Крики на плацу прекращаются, офицеры уходят в штаб. Теперь слышны только стоны. Тот, в которого стреляли, натужно хрипит и, пытаясь протолкнуть в себя воздух, кашляет.
– Задолбали ныть, – говорит взводный из своего спальника. – Эй, вы, полудурки, если не утихомиритесь, я вам глотки носками заткну! – орет он в предбанник.
На плацу замолкают.
Я наливаю во фляжку воды, Аркаша кидает мне вдогонку пачку «Примы»:
– На, дай им покурить.
Я выхожу на улицу, прикуриваю две сигареты и поочередно втыкаю в их разбитые губы. Пэтэвэшники молча курят, говорить не пытаются. Да и о чем тут поговоришь?
Над омоновским блокпостом в районе элеватора взлетают ракеты – осветительная, потом красная сигнальная. Завязывается перестрелка. Короткие очереди шелестом разносятся по степи. С крыши элеватора начинает работать пулемет. Там стоит наша восьмая рота, солдаты забрались на высоченные двадцатиэтажные корпуса и могут простреливать половину города. Оттуда их никак не выкурить, лестницы заминированы. Похоже, пулеметчик видит «чехов», он бьет прицельными короткими очередями. Вскоре перестрелка утихает, омоновцы запускают зеленую ракету – отбой.
Сигареты дотлевают. Я затаптываю бычки и даю пэтэвэшникам воды. Они жадно пьют. Я вспоминаю, что у нас еще остались сухари. От этой мысли мне становится смешно – им сейчас только сухари грызть, от зубов, небось, ничего не осталось.
Батальон засыпает.
На утреннем разводе подвешенных снова избивают, но не так сильно, как вчера. Они уже не отворачиваются, лишь тихо стонут. После избиения зампотех отвязывает веревки, и ново бранцы мешками валятся со столбов. Они не могут встать, не могут поднять затекшие руки – кисти почернели, пальцы скрючены. Комбат еще несколько раз бьет солдат ногами, а затем разрывает их военные билеты.
– Если еще хоть одна сука попадется мне с патронами, расстреляю без суда. Это касается всех: и старых, и новых. Понятно? – спрашивает он нас.
Мы не отвечаем.
– Выкинуть эту шваль за ворота, – приказывает он, кивая на пэтэвэшников. – Не давать ни денег, ни проездных документов. Не заслужили. Пускай добираются домой как хотят. Мне в батальоне такое говно не нужно.
Пэтэвэшников выводят на улицу и закрывают за ними ворота. Они сидят под воротами весь день, до самой темноты, словно брошенные псы.
Под утро я заступаю на фишку в административное здание и первым делом осматриваю улицу. Их уже нет. Вряд ли они добрались до Ханкалы или «Северного».
– Война бы началась, что ли, – говорит Фикса. – Хоть со жратвой проблем бы не было.
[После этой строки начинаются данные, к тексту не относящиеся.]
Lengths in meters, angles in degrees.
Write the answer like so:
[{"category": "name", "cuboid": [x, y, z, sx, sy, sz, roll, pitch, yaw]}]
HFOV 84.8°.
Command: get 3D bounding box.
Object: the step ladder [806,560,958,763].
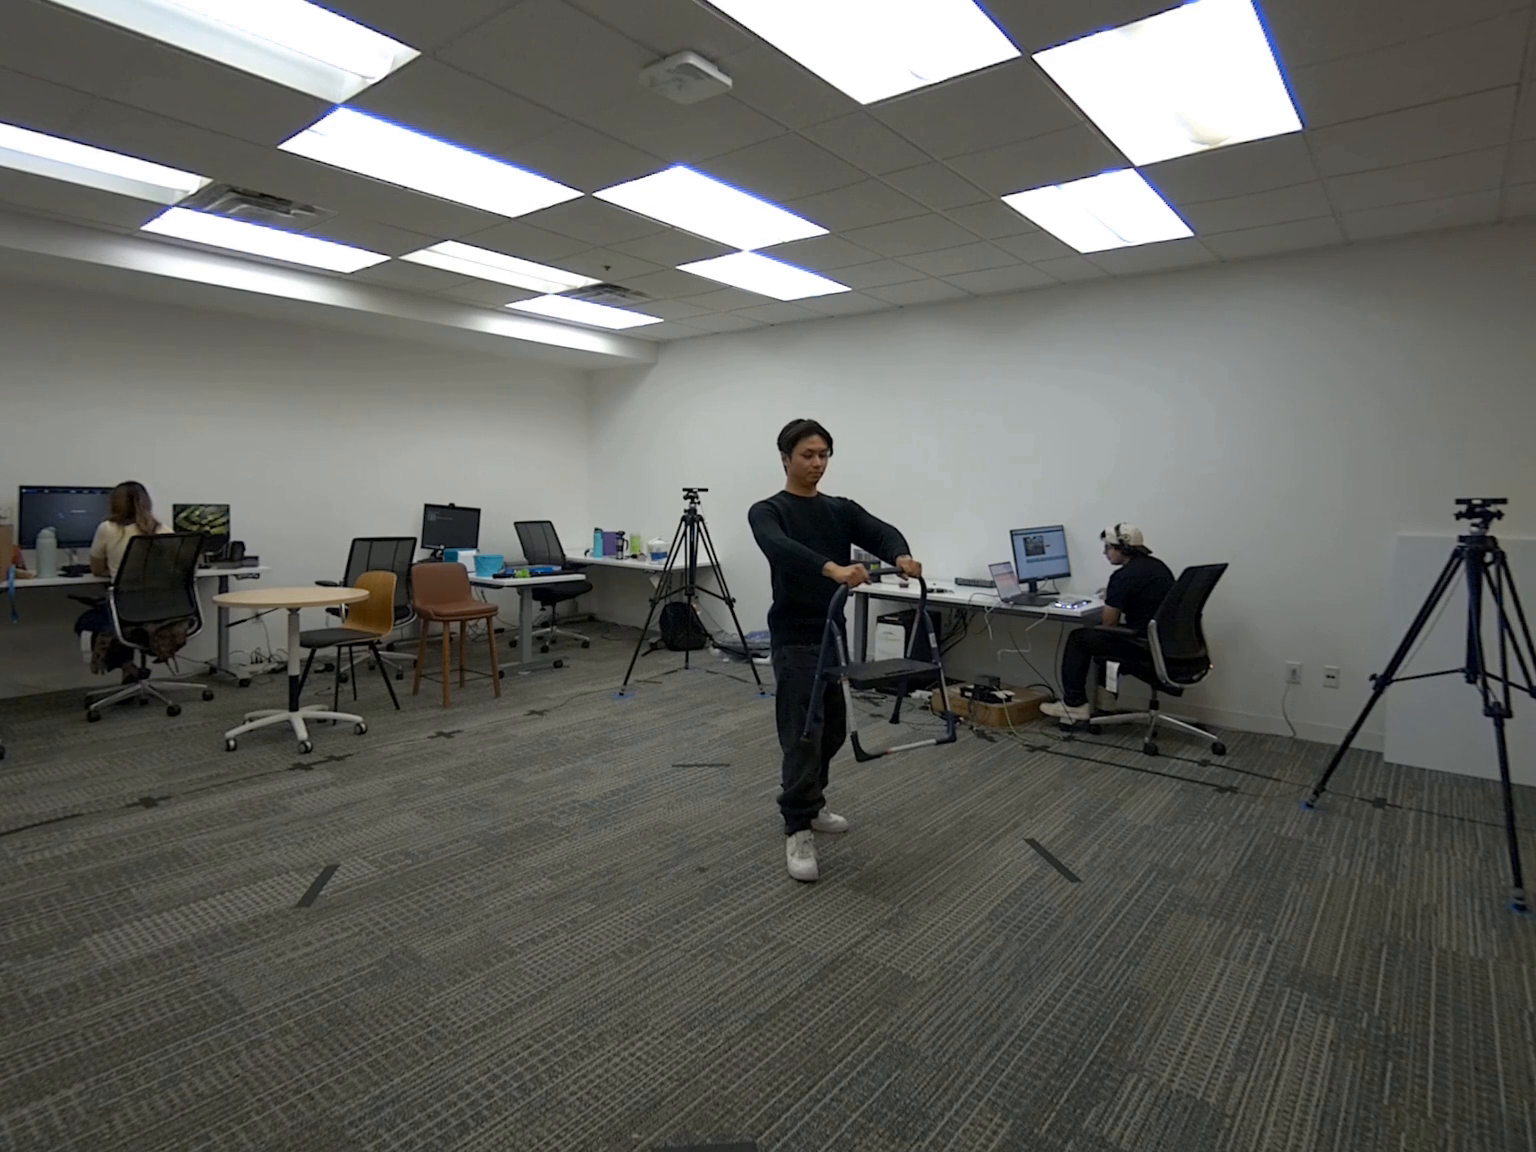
[{"category": "step ladder", "cuboid": [0.366, 0.271, 2.949, 0.420, 0.605, 0.359, -3, 2, -29]}]
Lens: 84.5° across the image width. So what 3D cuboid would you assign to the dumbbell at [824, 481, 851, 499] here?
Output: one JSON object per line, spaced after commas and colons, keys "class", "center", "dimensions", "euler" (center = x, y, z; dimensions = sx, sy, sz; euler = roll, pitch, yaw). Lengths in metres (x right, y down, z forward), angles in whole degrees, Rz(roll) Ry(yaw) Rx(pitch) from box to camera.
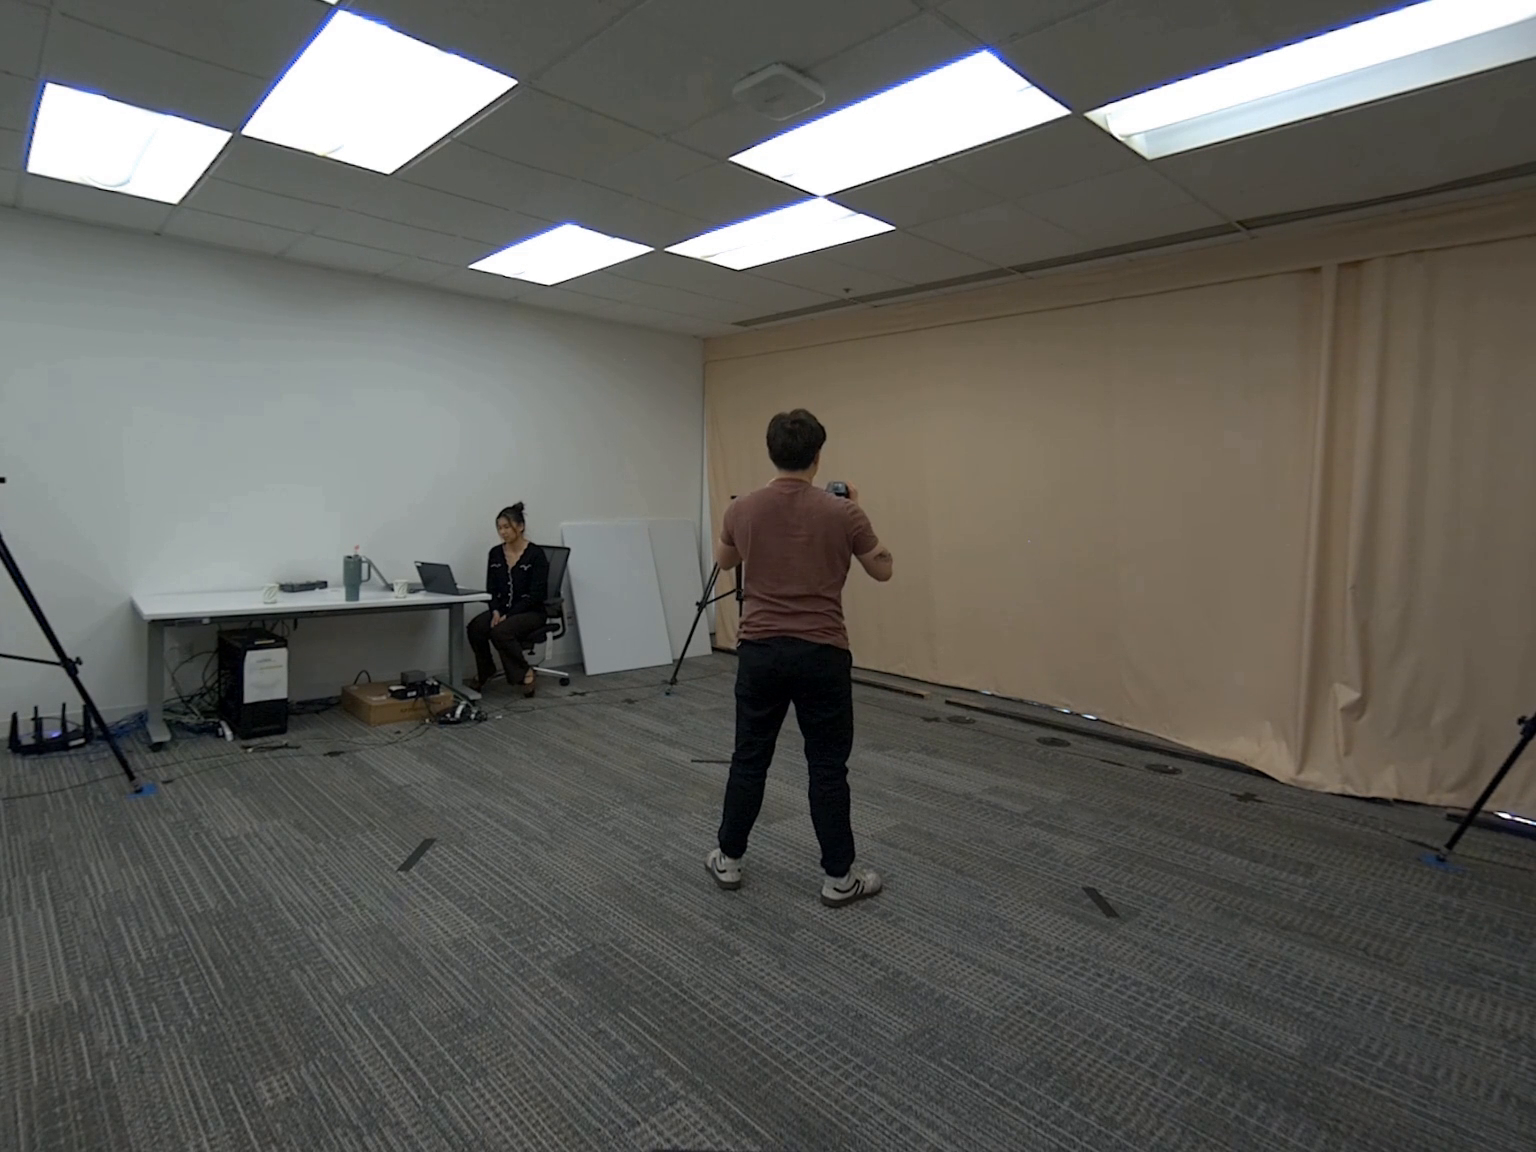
{"class": "dumbbell", "center": [0.159, -0.279, 3.107], "dimensions": [0.296, 0.106, 0.125], "euler": [1, 47, 12]}
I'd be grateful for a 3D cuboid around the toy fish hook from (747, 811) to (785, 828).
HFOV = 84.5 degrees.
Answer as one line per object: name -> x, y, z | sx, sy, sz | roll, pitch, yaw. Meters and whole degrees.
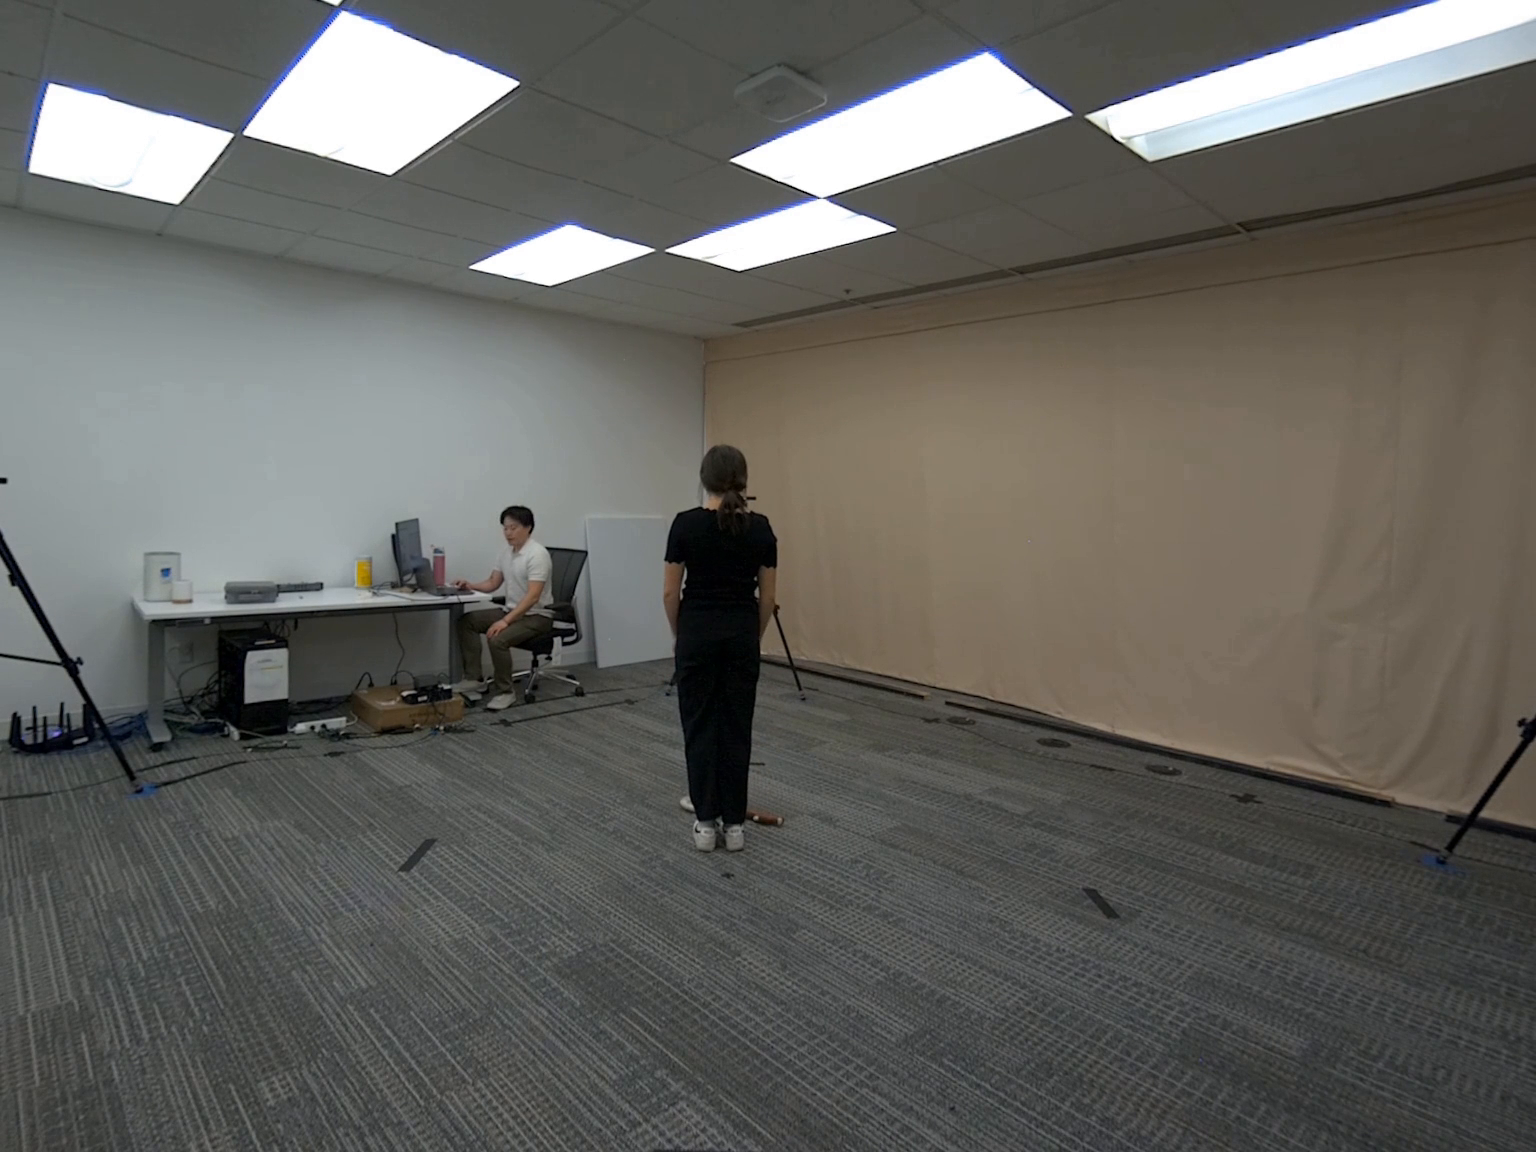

Это точно. Начальство вспоминает о солдатах только тогда, когда их валят сотнями. После какого-нибудь очередного штурма нас всегда строят в каре и рассказывают, какие мы герои. И затем два-три дня дают нормальную пищу. Потом опять начинаются пустая недоваренная сечка на завтрак и п…дюли на обед.
Объявляется начальство. Мы только что проснулись и умываемся из бетонных быков – невысоких, по колено, опор под металлический каркас недостроенного мясного цеха; в каждом из них накопилось литров по пять талой зеленой воды. Пить ее нельзя, но для умывания она вполне пригодна. И тут в ворота въезжает трофейный серебристый «Паджеро» и два бэтээра сопровождения, нагруженных коробками с гуманитаркой.